Figure 1: A sample tomb biography in classical Chinese

In standard machine-learning approaches, researchers acquire a collection of corpora for training and test purposes. Over the past many years, many, though not all, documents and books that were written in classical Chinese have been manually typed and saved as computer files. Modern punctuation marks have been added to the files at the same time. It is thus relatively easier to use the annotated texts for sentence segmentation than for word segmentation because it is very rare, if any, for typists to mark word boundaries in digitized texts. The training sets in Wang et al.’s, Han et al.’s and Shi et al.’s works have 237, 44, and 50 million characters, respectively.[7],[8],[9]

Although we expect that using more training data should lead to better test results in general, this beneficial effect is not automatic. Due to the nature of machine-learning experiments, especially of deep-learning ones, it is not easy (or appropriate) to compare experimental results directly by their numbers. Various factors may influence the quality of segmentation. The best F1 measure observed in Wang et al.’s work is slightly better than 80%.[7] When using a much larger training dataset for Qing, Han et al. did not report better results than when they used a much smaller dataset for the Tang epitaph.[8] Shi et al. defined their own measure for quality, and observed that the quality of segmentation varied between mid 60% and mid 90% in experiments for data of different Chinese dynasties.[9]

Machine-learning based methods provide us effective ways to build a running system for sentence segmentation.
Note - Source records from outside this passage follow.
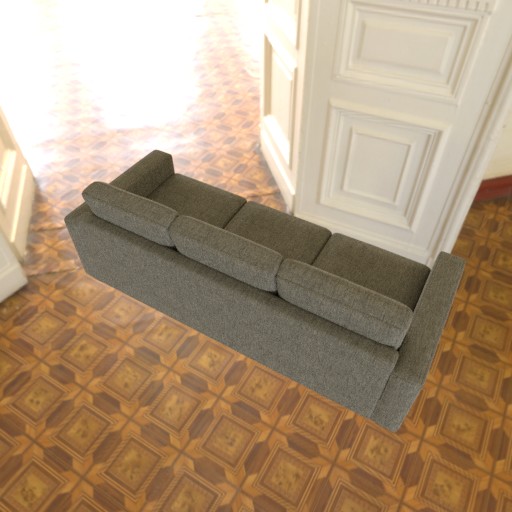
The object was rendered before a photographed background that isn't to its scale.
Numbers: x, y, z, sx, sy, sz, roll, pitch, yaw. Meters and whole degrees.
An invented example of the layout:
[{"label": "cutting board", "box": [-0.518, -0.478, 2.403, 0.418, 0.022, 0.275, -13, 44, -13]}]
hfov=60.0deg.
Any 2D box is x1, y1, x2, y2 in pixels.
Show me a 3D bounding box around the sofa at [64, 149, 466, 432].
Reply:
[{"label": "sofa", "box": [0.000, 0.000, 2.631, 2.160, 0.800, 0.900, 23, 51, 20]}]

When provided with sufficient data, we may train computational models for sentence segmentation, and achieve impressive results.[2],[7],[8],[9] Despite this convenience, previous research seldom aims at investigating the factors behind the success and perhaps failure of applications of deep-learning techniques for segmenting classical Chinese . Some pioneers had discussed the needs of explainable artificial intelligence as early as 2004,[10],[11] and the demands are strengthening in recent years.[12] The quest for explanation not only satisfies our curiosity but also helps us build better systems for the segmentation tasks.

We may design different procedures to train computation models for sentence segmentation and observe the differences in the resulting quality of segmentation. The differences in the training procedures may provide clues as to what the computation models might learn from the training data. Though experimental findings alone are not solid proofs, the observations can be enlightening.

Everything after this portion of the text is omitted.